Items from a dataset:

= Beginning of Section =

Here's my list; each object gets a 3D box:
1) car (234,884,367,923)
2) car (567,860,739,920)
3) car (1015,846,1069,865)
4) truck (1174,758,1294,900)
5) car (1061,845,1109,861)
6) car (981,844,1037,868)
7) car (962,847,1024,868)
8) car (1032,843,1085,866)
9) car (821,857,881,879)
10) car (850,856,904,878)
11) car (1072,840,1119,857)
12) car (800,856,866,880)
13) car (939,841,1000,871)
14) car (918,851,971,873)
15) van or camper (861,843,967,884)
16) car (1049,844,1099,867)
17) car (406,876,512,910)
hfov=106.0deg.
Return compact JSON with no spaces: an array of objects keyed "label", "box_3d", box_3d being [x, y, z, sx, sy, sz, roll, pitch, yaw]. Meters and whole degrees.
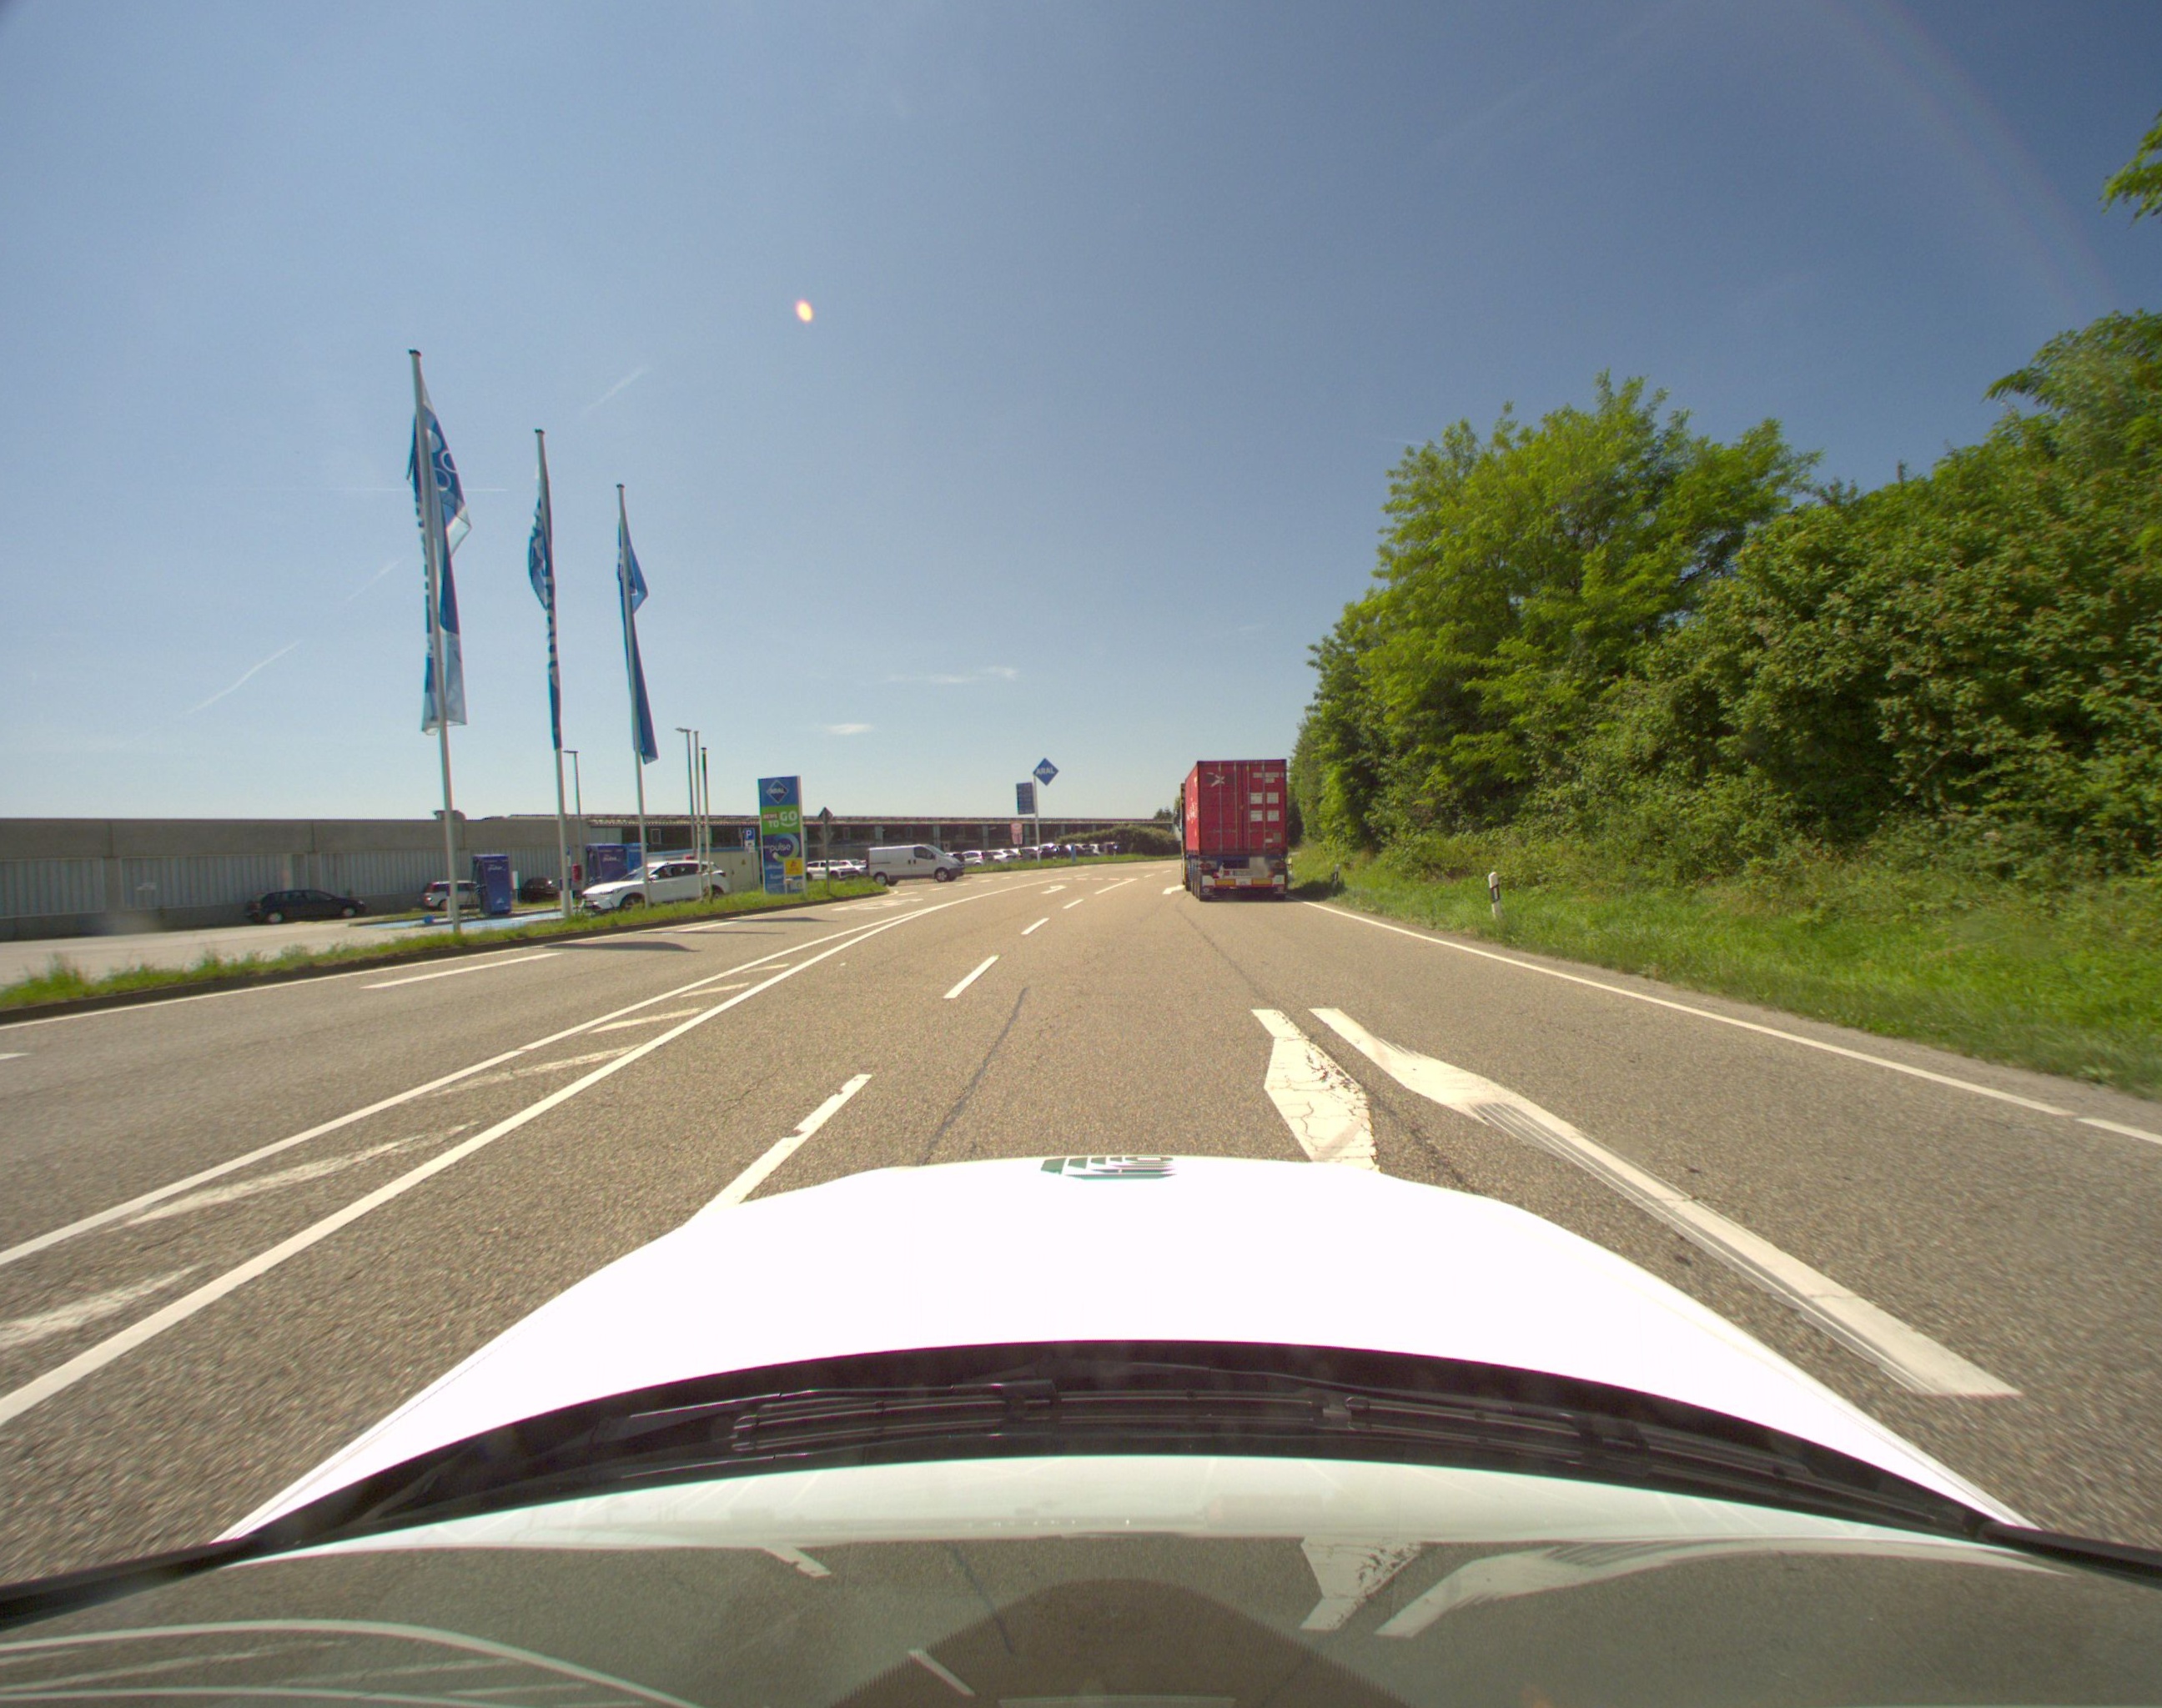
[{"label":"car","box_3d":[-34.881,2.169,36.516,1.737,1.442,3.924,-2,0,28]},{"label":"car","box_3d":[-13.625,1.095,26.211,1.844,1.712,4.548,-2,-1,34]},{"label":"car","box_3d":[-3.212,0.118,66.859,3.949,1.332,2.013,-3,0,30]},{"label":"truck","box_3d":[4.894,-0.757,28.689,2.636,3.806,13.375,1,1,4]},{"label":"car","box_3d":[0.366,-0.097,75.865,3.949,1.317,1.844,-3,0,27]},{"label":"car","box_3d":[-5.693,0.158,64.669,3.949,1.750,1.947,-3,0,30]},{"label":"car","box_3d":[-6.705,0.278,62.178,4.196,1.359,2.012,-3,0,28]},{"label":"car","box_3d":[-1.933,0.074,68.822,3.949,1.750,2.013,-3,0,30]},{"label":"car","box_3d":[-17.811,1.082,62.994,4.085,1.503,2.012,-3,0,27]},{"label":"car","box_3d":[-16.296,1.042,65.062,3.949,1.582,1.829,-2,-1,29]},{"label":"car","box_3d":[1.387,-0.532,77.785,3.949,1.362,1.831,-3,0,27]},{"label":"car","box_3d":[-18.535,1.068,60.779,4.536,1.503,2.012,-3,0,27]},{"label":"car","box_3d":[-8.247,0.145,60.246,3.949,2.013,2.012,-3,0,28]},{"label":"car","box_3d":[-9.788,0.582,58.305,3.410,1.441,1.573,-3,0,27]},{"label":"van or camper","box_3d":[-8.355,0.461,40.928,4.826,1.905,1.906,-1,-1,3]},{"label":"car","box_3d":[-0.636,0.135,73.615,3.949,1.750,2.013,-3,0,30]},{"label":"car","box_3d":[-31.776,1.974,41.678,1.737,1.442,3.925,-2,0,34]}]

= End of Section =

> [ASSIGNED TASK]: Take the lines above from the one containing "9) car (821,857,881,879)" to the one containing "hfov=106.0deg." and retype them exactly, both ends included, with nothing added.

> [TASK SOLUTION]:
9) car (821,857,881,879)
10) car (850,856,904,878)
11) car (1072,840,1119,857)
12) car (800,856,866,880)
13) car (939,841,1000,871)
14) car (918,851,971,873)
15) van or camper (861,843,967,884)
16) car (1049,844,1099,867)
17) car (406,876,512,910)
hfov=106.0deg.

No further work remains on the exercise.